Oh and I wanted to ask if you have researched anything about the experiments with fabs in space. There are lots of interesting things with growing the crystals in space but I haven't really seen how any of the benefits could be applied. I mean it seems like gravitation when laying down layers is a big problem. If all layers could be deposited in microgravity, then deposition would be completely regular with maybe only quantum irregularities in the materials.

crazy how fun and engaging these historical storylines can be

I gotta wonder how long it takes to make one of these vids. Must take days to film and edit, but weeks extra for the initial research efforts. Amazing.

IBM's trouble with their lowK process impacted my employer at the time. They ended up moving to TSMC. Also, another unexpected impact of finer pitch interconnects - especially the mid-level long runs - inductance! We ran into cross talk problems causing glitches that would cause latches to pop open when they shouldn't. 🤦

Great stuff. Love the semiconductor stuff. (Ok, so the Al/Cu stuff is conductor stuff - still awesome!)

I remember i was in high school around this time, and cpu speed drastically increased over the course of several years. Went from 300, 400mhz to 500, 600, 900 and up, so quickly! I wonder if a good amount of it was due to this process.

It's crazy how many developments and innovations there are in semiconductors that practically no one knows about and we all take for granted every day.

Fantastic documentary!

Hehe...you made this history very entertaining and easy to understand. Great video

“Niche”? Yes. Incredibly informative? Also, Yes. This video essay may well not yield as many likes, or as many the same metrics as other videos, I would offer that the reach and effect of something this “niche”, from such a brilliantly well done other catalogue of videos/topics - may well find future viewers who arrive to the video at their own space/time. To them/then it will be worth it. Keep up the good work!

So since the video stops around 2001, are we to expect that the low-k in current chips is still the same or will there be more videos on this subject? I guess you could squeeze it in with the attempt at power/IO coming from different sides?
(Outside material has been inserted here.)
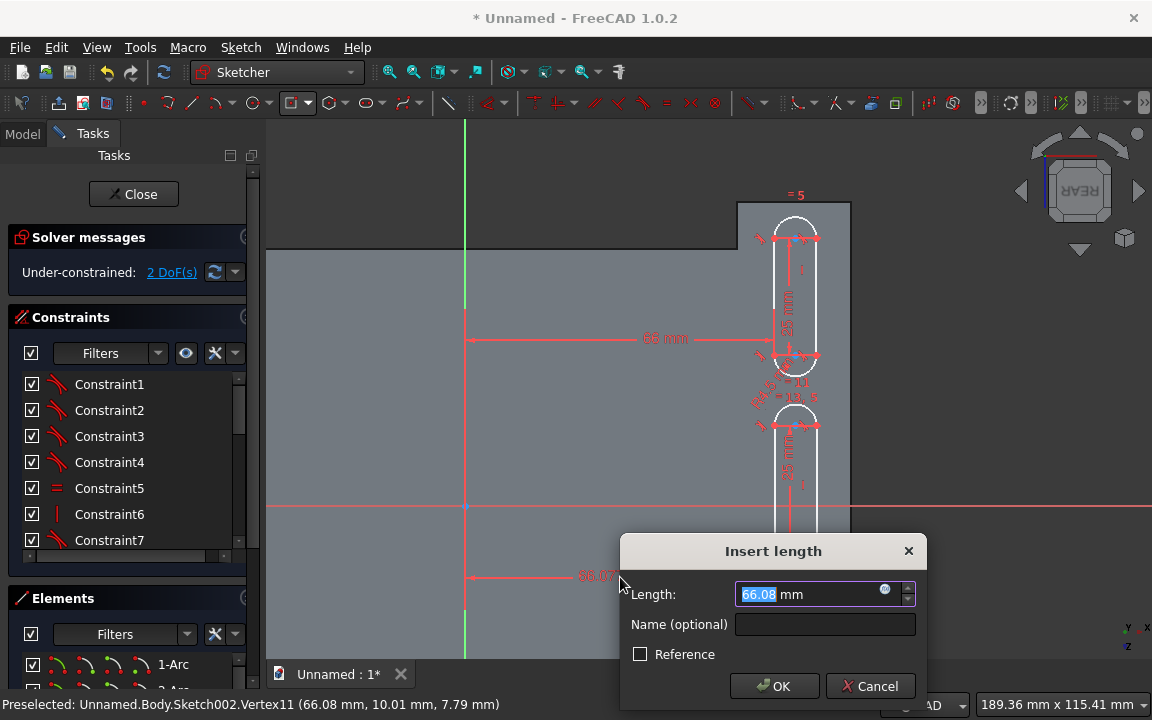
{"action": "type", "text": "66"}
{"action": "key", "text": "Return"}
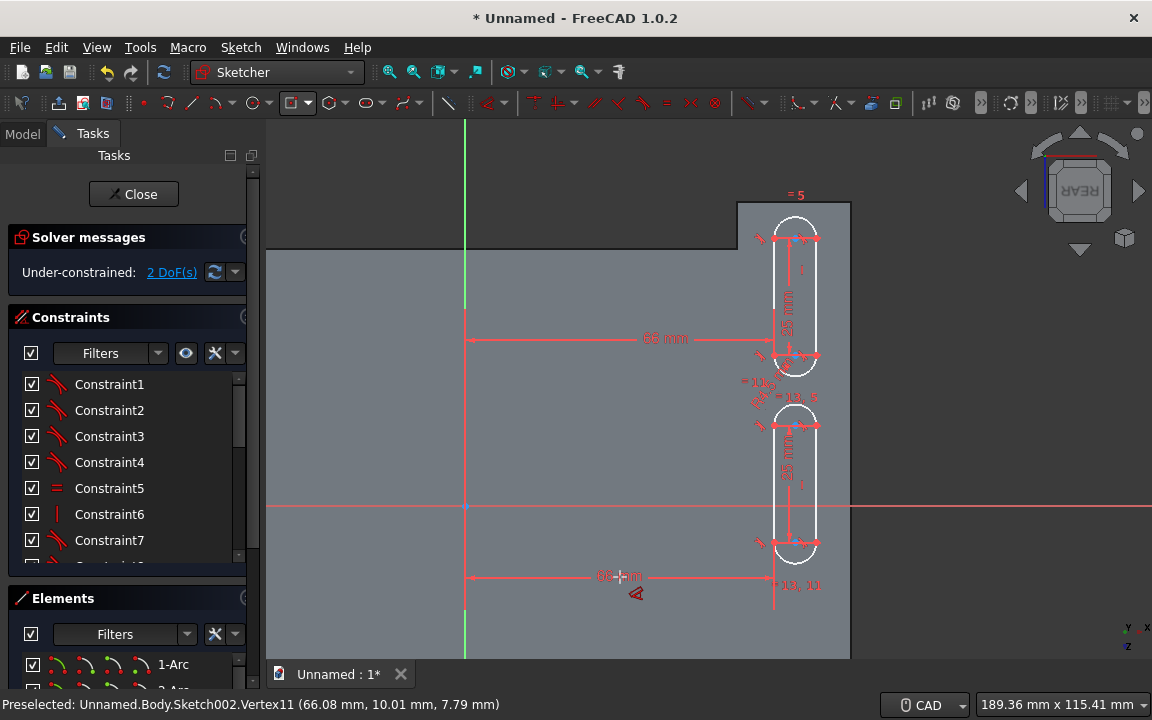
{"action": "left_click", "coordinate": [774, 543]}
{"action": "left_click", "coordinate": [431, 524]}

How on earth you understand such deep electronics dude? You are brilliant!

I seem to remember that one of the processes on the dielectric was that it had to be mechanically stressed in one direction - but I can't remember the exact details.

do you have a list of sources for this video? In particular I am having trouble finding the Business Next article about the team from tsmc 25:42 thank you and amazing vid btw!

I wonder what is the dielectric constant of the material used in the newest production nodes such as TSMC 3nm. I couldn’t find it on Google.

I am happy to see the trench resident interconnect idea being used. I patented a version of the idea in 1991 while working for Harris Semiconductor.

Great work, as always.

Great video again!

Nice video, but I feel a little disappointed that you never explained more about the low-k PECVD method at the end. Though you got pretty close by mentioning brand names like Black Diamond and references to the PECVD manufacturer like Novellus. I looked into these low-k PECVD layers: it seems to be "carbon doping" an SiO2 layer (while it's being deposited) to obtain SiOCH. There's various precursors that can be used, and making the layers more porous also helps.

AMD CEO Lisa Su was working in Copper interconnect in IBM and she was also shown in the photo at 12:29.